## Exercise
From the records, return each line that has the word "SUBTRACT" in it.

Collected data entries
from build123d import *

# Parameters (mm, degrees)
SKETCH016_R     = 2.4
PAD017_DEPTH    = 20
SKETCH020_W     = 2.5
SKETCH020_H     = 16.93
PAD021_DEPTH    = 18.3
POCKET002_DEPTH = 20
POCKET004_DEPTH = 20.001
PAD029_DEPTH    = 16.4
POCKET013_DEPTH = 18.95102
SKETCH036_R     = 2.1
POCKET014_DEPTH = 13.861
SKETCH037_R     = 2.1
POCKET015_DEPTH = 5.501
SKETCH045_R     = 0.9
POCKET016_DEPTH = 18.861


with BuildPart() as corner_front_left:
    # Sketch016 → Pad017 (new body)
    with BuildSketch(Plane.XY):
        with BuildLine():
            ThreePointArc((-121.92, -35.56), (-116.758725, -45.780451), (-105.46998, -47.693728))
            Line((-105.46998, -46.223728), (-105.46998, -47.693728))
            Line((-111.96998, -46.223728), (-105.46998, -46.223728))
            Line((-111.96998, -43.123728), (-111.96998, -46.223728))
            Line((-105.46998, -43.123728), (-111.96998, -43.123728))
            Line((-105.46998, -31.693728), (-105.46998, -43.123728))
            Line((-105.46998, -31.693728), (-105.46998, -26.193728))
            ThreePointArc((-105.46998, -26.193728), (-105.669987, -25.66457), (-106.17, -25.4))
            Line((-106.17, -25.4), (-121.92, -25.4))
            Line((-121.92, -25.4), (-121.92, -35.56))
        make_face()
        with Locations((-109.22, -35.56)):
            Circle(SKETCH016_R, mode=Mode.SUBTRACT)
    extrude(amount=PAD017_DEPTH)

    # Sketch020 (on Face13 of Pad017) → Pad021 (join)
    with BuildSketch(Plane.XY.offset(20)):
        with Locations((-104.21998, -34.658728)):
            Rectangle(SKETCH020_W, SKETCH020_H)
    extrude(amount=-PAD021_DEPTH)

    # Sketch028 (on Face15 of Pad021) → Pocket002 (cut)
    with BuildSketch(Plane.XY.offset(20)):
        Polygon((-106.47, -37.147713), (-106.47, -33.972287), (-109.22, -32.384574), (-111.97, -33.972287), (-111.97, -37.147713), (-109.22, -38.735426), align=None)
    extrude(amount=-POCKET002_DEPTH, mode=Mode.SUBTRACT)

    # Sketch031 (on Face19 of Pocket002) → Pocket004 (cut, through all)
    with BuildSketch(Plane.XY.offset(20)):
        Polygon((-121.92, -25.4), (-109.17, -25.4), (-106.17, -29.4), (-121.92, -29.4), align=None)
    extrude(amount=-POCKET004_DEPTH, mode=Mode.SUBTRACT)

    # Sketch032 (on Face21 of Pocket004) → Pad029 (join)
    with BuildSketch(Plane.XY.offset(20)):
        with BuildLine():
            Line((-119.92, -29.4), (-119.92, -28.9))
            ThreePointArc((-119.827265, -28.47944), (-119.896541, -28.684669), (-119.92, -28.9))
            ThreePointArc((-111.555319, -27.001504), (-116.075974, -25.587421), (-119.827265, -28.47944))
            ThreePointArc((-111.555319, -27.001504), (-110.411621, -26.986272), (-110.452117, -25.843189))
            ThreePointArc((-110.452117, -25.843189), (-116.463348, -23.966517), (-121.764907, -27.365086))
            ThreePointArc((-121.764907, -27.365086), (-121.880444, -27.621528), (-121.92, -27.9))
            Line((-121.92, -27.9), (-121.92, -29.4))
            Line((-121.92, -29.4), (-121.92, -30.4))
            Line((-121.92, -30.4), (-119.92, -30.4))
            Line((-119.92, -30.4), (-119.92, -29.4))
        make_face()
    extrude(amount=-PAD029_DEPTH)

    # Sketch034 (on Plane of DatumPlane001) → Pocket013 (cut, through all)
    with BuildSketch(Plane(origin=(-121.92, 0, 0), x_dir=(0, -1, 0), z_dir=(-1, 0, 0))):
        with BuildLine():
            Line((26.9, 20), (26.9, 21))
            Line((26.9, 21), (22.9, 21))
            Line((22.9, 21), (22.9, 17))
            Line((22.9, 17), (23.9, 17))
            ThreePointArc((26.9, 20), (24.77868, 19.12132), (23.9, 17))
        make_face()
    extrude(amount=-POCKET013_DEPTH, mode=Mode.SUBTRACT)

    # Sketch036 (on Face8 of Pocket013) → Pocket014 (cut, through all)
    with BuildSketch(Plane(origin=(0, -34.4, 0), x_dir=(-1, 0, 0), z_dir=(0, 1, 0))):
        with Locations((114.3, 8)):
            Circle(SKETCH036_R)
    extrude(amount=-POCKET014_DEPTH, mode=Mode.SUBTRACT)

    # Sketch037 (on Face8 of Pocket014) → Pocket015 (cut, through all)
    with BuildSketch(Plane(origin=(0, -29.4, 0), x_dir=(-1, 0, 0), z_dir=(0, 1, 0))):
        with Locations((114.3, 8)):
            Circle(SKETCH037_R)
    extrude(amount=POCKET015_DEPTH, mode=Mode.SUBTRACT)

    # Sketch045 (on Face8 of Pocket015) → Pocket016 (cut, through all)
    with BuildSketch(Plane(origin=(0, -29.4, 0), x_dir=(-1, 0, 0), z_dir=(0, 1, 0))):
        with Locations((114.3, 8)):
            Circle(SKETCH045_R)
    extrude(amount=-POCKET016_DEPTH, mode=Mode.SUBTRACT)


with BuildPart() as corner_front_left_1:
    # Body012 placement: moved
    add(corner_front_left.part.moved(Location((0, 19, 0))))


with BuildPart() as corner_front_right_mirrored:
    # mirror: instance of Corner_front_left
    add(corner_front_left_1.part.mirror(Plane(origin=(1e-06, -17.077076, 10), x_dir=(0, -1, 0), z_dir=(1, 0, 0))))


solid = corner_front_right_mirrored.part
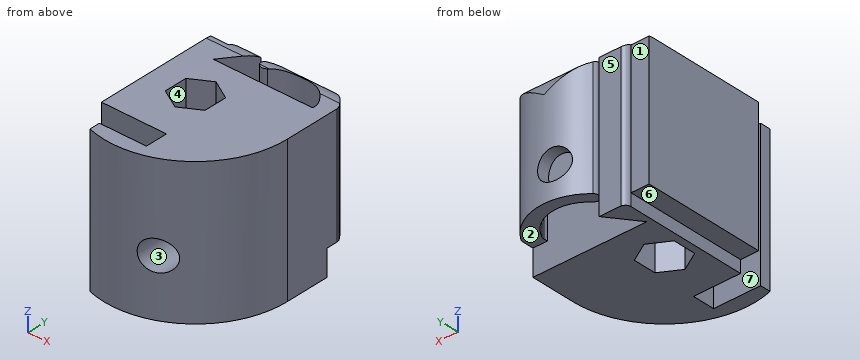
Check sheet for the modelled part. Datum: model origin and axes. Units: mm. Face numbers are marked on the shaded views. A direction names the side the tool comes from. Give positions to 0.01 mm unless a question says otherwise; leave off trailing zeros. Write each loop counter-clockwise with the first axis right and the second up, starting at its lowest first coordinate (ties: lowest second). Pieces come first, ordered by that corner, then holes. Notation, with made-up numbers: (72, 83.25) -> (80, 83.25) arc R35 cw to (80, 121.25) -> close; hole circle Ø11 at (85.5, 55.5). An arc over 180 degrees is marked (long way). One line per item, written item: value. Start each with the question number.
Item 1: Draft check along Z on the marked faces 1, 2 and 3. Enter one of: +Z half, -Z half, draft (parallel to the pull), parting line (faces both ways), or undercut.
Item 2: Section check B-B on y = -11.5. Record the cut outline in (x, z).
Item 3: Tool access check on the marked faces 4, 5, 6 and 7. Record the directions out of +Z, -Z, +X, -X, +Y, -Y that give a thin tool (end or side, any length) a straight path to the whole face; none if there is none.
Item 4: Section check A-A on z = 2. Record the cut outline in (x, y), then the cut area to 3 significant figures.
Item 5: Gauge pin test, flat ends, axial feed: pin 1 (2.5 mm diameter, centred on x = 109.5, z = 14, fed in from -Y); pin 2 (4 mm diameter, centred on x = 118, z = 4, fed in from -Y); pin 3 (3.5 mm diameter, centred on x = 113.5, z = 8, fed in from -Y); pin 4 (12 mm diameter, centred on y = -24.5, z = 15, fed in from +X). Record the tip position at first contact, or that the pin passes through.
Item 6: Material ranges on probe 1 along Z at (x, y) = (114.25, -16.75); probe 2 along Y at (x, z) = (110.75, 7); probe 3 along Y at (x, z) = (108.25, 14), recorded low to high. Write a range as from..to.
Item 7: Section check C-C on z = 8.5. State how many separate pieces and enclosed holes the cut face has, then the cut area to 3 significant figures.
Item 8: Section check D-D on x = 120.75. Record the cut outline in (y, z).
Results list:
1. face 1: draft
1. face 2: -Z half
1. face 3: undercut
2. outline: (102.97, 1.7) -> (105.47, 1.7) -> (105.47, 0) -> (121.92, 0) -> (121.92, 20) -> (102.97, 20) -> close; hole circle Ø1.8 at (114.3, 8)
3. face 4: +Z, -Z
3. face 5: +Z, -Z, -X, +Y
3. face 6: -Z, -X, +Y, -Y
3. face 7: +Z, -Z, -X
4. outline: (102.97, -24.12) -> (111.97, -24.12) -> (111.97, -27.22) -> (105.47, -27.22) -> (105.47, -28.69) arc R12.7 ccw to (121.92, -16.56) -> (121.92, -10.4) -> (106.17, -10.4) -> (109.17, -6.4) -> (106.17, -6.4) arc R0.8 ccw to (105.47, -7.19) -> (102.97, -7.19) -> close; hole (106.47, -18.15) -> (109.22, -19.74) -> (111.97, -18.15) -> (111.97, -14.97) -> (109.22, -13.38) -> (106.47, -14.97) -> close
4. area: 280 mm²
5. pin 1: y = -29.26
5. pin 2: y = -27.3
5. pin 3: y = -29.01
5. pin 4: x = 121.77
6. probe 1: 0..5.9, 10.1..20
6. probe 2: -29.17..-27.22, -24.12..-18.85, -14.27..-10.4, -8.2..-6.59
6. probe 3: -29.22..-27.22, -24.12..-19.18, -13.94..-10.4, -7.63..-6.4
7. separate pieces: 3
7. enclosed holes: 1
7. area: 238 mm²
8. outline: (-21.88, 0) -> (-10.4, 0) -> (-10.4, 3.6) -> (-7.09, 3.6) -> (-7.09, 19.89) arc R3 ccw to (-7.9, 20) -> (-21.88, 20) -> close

* * *

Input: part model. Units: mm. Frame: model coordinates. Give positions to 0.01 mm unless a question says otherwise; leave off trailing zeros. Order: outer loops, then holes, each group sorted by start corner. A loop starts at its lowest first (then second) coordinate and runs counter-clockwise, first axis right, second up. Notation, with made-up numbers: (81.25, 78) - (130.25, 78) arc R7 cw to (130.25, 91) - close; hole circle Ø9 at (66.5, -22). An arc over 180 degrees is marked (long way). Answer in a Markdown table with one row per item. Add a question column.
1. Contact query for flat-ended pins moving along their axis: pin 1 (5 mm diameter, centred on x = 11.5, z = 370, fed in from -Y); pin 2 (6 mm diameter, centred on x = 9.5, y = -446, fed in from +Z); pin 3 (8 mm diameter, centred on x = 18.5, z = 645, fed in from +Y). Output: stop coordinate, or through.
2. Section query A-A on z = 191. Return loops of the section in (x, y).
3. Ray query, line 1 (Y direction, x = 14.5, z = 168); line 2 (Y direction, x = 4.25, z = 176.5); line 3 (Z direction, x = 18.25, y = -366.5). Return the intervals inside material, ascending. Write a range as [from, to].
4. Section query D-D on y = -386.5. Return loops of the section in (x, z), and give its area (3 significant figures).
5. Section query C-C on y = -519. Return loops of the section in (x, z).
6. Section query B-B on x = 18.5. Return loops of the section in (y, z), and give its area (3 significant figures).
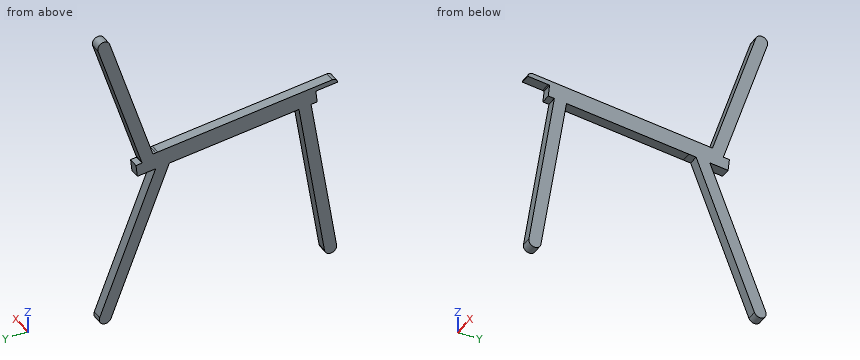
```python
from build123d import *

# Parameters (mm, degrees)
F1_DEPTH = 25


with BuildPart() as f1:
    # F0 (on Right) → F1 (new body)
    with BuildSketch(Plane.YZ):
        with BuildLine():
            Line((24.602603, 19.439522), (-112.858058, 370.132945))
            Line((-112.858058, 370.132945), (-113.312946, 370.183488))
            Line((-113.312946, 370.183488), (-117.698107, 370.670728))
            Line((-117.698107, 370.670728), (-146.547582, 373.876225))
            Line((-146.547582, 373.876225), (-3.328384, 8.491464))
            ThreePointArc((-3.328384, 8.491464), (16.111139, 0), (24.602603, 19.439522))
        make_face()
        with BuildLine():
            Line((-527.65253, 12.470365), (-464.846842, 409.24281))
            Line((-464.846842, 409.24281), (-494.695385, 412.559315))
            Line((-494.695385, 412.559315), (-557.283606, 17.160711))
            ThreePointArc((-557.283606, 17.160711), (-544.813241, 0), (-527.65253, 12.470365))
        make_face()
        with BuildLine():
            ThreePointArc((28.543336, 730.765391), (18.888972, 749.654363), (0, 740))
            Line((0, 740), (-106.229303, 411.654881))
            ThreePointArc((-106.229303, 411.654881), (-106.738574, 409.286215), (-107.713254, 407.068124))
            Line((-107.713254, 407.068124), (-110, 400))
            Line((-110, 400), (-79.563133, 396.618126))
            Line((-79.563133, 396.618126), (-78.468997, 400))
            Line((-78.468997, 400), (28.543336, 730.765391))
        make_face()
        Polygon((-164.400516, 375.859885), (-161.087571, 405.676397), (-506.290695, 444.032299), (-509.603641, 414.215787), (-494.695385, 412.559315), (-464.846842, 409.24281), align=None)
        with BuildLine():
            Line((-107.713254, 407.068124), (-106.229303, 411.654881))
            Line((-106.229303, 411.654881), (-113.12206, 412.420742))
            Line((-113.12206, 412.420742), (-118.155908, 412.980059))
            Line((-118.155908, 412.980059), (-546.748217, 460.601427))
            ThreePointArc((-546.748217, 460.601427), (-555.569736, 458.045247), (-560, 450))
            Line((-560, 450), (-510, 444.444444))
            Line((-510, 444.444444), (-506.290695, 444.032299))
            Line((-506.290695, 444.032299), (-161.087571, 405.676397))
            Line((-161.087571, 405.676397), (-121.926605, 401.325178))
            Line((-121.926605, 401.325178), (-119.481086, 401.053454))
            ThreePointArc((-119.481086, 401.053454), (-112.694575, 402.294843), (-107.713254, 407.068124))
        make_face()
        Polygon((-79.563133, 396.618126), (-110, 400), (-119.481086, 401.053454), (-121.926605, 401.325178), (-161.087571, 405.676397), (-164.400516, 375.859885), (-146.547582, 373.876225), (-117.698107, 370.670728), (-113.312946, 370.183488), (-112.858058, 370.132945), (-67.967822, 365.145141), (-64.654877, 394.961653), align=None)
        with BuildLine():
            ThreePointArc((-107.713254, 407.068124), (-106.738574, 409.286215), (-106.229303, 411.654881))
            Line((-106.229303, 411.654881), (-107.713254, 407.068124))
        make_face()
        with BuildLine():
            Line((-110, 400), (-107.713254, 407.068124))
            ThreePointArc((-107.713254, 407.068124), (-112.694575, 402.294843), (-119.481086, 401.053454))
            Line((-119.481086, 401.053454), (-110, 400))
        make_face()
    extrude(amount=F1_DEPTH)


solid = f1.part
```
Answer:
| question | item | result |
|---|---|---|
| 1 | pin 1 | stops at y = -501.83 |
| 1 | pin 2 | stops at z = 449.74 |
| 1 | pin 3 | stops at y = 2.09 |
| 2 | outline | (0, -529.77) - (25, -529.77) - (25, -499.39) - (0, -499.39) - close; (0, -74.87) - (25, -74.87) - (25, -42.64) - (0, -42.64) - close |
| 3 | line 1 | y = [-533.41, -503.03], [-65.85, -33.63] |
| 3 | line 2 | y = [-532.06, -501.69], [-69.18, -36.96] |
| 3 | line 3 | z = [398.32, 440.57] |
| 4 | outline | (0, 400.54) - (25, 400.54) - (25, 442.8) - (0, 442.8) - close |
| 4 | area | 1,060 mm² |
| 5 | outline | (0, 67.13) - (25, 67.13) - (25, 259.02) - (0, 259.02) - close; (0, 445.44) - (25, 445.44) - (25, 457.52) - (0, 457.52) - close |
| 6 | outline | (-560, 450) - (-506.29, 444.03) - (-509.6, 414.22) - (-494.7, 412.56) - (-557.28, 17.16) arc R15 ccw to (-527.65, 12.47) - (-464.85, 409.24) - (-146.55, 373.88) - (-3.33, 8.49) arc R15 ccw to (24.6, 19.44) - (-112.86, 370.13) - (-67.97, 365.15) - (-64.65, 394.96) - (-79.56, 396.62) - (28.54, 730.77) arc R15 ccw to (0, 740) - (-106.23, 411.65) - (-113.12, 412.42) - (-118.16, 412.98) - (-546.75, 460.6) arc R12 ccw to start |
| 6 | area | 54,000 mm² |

* * *

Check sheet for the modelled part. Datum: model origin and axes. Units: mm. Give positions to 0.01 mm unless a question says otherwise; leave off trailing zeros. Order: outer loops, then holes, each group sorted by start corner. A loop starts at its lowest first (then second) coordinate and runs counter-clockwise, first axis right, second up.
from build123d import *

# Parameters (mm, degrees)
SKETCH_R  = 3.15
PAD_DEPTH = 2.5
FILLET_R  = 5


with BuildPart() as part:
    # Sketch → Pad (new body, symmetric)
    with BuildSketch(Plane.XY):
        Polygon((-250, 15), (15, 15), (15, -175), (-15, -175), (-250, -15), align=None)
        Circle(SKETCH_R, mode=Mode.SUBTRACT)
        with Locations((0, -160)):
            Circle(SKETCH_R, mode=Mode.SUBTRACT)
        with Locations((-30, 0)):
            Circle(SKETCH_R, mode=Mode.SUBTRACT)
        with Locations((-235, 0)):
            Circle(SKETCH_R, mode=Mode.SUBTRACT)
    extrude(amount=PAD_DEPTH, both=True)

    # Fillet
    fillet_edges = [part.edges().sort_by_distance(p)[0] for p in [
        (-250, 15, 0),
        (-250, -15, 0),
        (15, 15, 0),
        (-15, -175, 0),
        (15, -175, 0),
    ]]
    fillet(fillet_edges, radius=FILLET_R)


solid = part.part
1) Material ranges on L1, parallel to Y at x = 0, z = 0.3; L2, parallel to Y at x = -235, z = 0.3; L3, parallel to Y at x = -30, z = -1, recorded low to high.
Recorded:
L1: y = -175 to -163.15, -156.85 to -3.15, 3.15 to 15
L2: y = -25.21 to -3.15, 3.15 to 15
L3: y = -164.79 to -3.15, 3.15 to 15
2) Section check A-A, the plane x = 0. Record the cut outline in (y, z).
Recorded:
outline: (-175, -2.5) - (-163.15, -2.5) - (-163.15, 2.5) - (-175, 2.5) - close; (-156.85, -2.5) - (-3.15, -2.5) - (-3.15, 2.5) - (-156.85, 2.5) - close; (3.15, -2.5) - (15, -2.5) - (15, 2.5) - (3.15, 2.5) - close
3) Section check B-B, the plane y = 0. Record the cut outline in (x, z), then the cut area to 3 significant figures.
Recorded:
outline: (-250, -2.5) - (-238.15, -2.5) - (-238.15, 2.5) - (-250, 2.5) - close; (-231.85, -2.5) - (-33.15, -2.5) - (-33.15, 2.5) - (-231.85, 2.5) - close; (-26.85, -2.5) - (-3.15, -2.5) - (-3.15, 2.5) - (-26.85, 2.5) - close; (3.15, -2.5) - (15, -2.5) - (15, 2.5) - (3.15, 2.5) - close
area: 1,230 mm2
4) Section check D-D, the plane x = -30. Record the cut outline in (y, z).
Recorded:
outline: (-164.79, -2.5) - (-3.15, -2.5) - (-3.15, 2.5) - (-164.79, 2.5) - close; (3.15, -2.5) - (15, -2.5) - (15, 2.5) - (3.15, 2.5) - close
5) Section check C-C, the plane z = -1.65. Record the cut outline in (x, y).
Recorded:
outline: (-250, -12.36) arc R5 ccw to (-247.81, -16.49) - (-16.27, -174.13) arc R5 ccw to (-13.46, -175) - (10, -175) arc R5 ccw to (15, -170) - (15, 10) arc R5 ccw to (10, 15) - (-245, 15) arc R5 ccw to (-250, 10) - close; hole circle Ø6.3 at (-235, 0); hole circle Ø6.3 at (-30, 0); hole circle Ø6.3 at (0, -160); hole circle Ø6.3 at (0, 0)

## Output
            Circle(SKETCH016_R, mode=Mode.SUBTRACT)
    extrude(amount=-POCKET002_DEPTH, mode=Mode.SUBTRACT)
    extrude(amount=-POCKET004_DEPTH, mode=Mode.SUBTRACT)
    extrude(amount=-POCKET013_DEPTH, mode=Mode.SUBTRACT)
    extrude(amount=-POCKET014_DEPTH, mode=Mode.SUBTRACT)
    extrude(amount=POCKET015_DEPTH, mode=Mode.SUBTRACT)
    extrude(amount=-POCKET016_DEPTH, mode=Mode.SUBTRACT)
        Circle(SKETCH_R, mode=Mode.SUBTRACT)
            Circle(SKETCH_R, mode=Mode.SUBTRACT)
            Circle(SKETCH_R, mode=Mode.SUBTRACT)
            Circle(SKETCH_R, mode=Mode.SUBTRACT)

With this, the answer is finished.